One pluggable interface. Six languages today.
Every language plugs in via MorphologyServiceInterface — the same contract
Coach, synonym generation, and search-time form detection all consume. Adding a 7th
language is one constructor line in MorphologyManager + one service class.
Each service ships with a curated table of irregular plurals, suffix rules with
confidence scoring, and a normaliser that handles diacritics / accents / umlauts.
The native ground truth.
Where Skryx was born. Romanian morphology covers vowel-mutation feminines (roată ⇄ roți, lampă ⇄ lămpi), neuter -uri plurals (timp ⇄ timpuri), -tor → -toare patterns, -ie → -ii, and the famous irregulars (om ⇄ oameni, copil ⇄ copii). Diacritics fold for normalisation but the original spelling is preserved in suggestions.
roată ⇄ roți lampă ⇄ lămpi om ⇄ oameni motor ⇄ motoare supapă ⇄ supape rulment ⇄ rulmenți încărcător ⇄ încărcătoare
From mouse ↔ mice to analysis ↔ analyses.
Ablaut classics (man → men, foot → feet, child → children), -f / -fe → -ves (wife → wives, leaf → leaves), invariable plurals (sheep, fish, deer), and the Latin/Greek borrowings (analysis → analyses, datum → data, matrix → matrices). Regular -s / -es / -ies suffix rules with per-pattern confidence weights.
mouse ⇄ mice wolf ⇄ wolves city ⇄ cities box ⇄ boxes analysis ⇄ analyses datum ⇄ data sheep ⇄ sheep
Mann ⇄ Männer, Buch ⇄ Bücher, Auto ⇄ Autos.
Eight plural classes with frequent umlaut mutation (Mann → Männer, Apfel → Äpfel). Normalisation handles ß ↔ ss and folds umlauts to base vowels so a tenant whose catalogue uses Strasse and another uses Straße both find the right products. Loanword -s plurals (Autos, Hotels) supported.
Mann ⇄ Männer Apfel ⇄ Äpfel Buch ⇄ Bücher Auto ⇄ Autos Frage ⇄ Fragen Schlüssel ⇄ Schlüssel
French, Spanish, Italian — the patterns that aren't just +s.
French -al → -aux (cheval → chevaux, journal → journaux), the famous -ou → -oux seven (bijou → bijoux, chou → choux, hibou → hiboux), œil → yeux.
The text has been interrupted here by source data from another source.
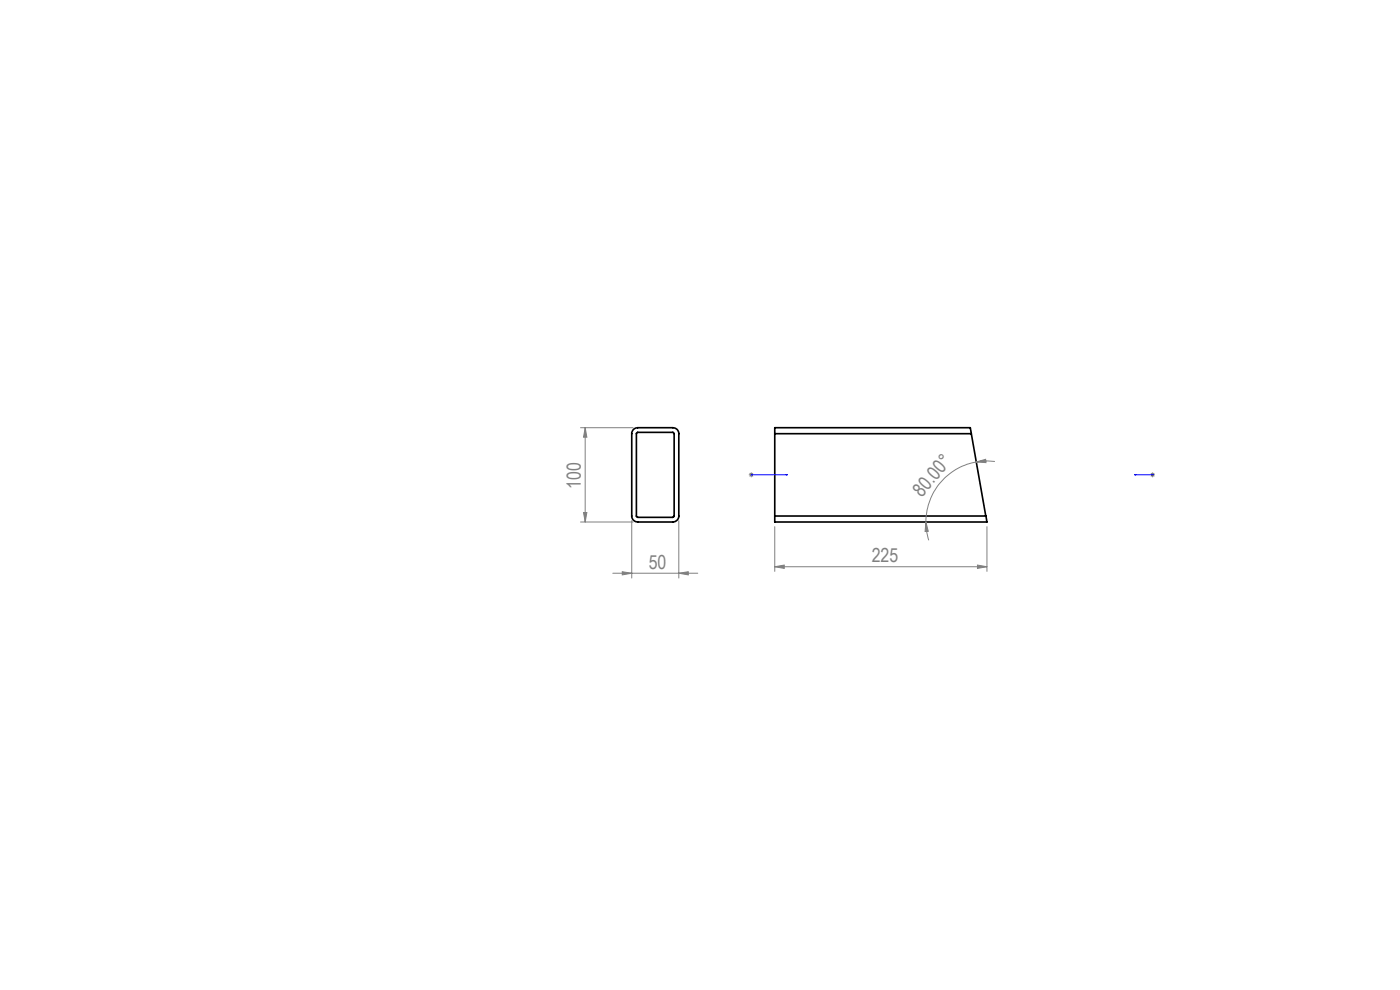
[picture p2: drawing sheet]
<svg xmlns="http://www.w3.org/2000/svg" width="297mm" height="210mm" viewBox="0 0 297 210" stroke-linecap="round" stroke-linejoin="round" font-family="sans-serif">
<defs><g id="words">
<g font-size="4.1" fill="#808080">
<text x="123.2" y="103.8" transform="rotate(-90 123.2 103.8)">100</text>
<text x="195.5" y="105.6" transform="rotate(-50 195.5 105.6)">80.00°</text>
<text x="184.9" y="119.3">225</text>
<text x="137.6" y="120.7">50</text>
</g>
</g></defs>
<path d="M134.5 91l.8-.3h7.4a1.25 1.25 0 0 1 1.3 1.3v17.5a1.25 1.25 0 0 1-1.3 1.2h-7.4a1.32 1.32 0 0 1-1.3-1.2v-17.7zM135 91.9l.2-.2h7.6l.2 .3v17.5l-.2 .2h-7.5l-.3-.2zM164.4 92v-1.3h41.4l.3 1.3M164.4 92h41.7M164.4 92v17.5M206.1 92l3 17.5M164.4 109.5v1.2h45l-.3-1.2M164.4 109.5h44.7" fill="none" stroke="#000" stroke-width=".35"/>
<path d="M159.3 100.7h.2zM159.4 100.7h.1M159.4 100.7h7.7M167.1 100.7h-.4h.4M240.7 100.7h.4h-.4M240.7 100.7h3.8M244.4 100.7h.2zM244.5 100.7h.1" fill="none" stroke="#00f" stroke-width=".21"/>
<g fill="none" stroke="#808080" stroke-width=".21">
<path d="M123.2 90.7h11.1M124.1 90.7l.4 2h-.7zM124.1 90.7v20M207.1 98l2-.6 .1 .7zM207.1 98a13 13 0 0 0-10.7 12.7M211.1 97.9l-2-.1-2 .2M123.2 110.7h11.1M123.8 108.7h.7l-.4 2zM134 110.4v12.2M144 110.4v12.2M158.9 100.7h1M159 100.4l.7 .7"/>
<path d="M159.4 100.2v1M159.7 100.4l-.7 .7M164.4 111.7v9.5M196.4 110.7l.5 2h-.6zM196.4 110.7a12 12 0 0 0 .6 3.9M207.4 119.9l2 .3-2 .4zM209.4 111.7v9.5M244 100.7h1M244.2 100.4l.7 .7M244.5 100.2v1M244.9 100.4l-.7 .7M130 121.6h18"/>
<path d="M132 121.3l2 .3-2 .3zM144 121.6l2-.3v.6zM164.4 120.2l2-.3v.7zM164.4 120.2h45"/>
</g>
<g fill="#00f">
<path d="M159.3 100.7h.2zM166.7 100.7h.4z"/>
<path d="M240.7 100.7h.4zM244.4 100.7h.2z"/>
</g>
<g fill="#808080">
<path d="M207.4 119.9l2 .3-2 .4zM164.4 120.2l2-.3v.7z"/>
<path d="M144 121.6l2-.3v.6zM132 121.3l2 .3-2 .3z"/>
<path d="M207.1 98l2-.6 .1 .7zM196.4 110.7l.5 2h-.6z"/>
<path d="M123.8 108.7h.7l-.4 2zM124.1 90.7l.4 2h-.7z"/>
</g>
<use href="#words"/>
</svg>

Spanish accent shifts (nación → naciones, jardín → jardines), -z → -ces (luz → luces, vez → veces). Italian gender-aware -o → -i, -a → -e, plus the irregulars (uomo → uomini, amico → amici).
// French cheval ⇄ chevaux œil ⇄ yeux // Spanish nación ⇄ naciones luz ⇄ luces // Italian uomo ⇄ uomini amico ⇄ amici
Three channels feed the vocabulary. All on schedule.
The hand-curated tables are the floor, not the ceiling. Three discovery channels run automatically and add pairs to a shared platform-wide vocabulary, so new clients inherit everything Skryx has learned before — at signup, with zero configuration.
Real client catalogues teach the engine.
MorphologyDiscoveryService walks each client catalogue, builds a
word-frequency map, finds Levenshtein-close word pairs that look like
singular/plural variants, and sends each candidate to the Skryx AI for
validation. Confirmed pairs join the platform-wide vocabulary.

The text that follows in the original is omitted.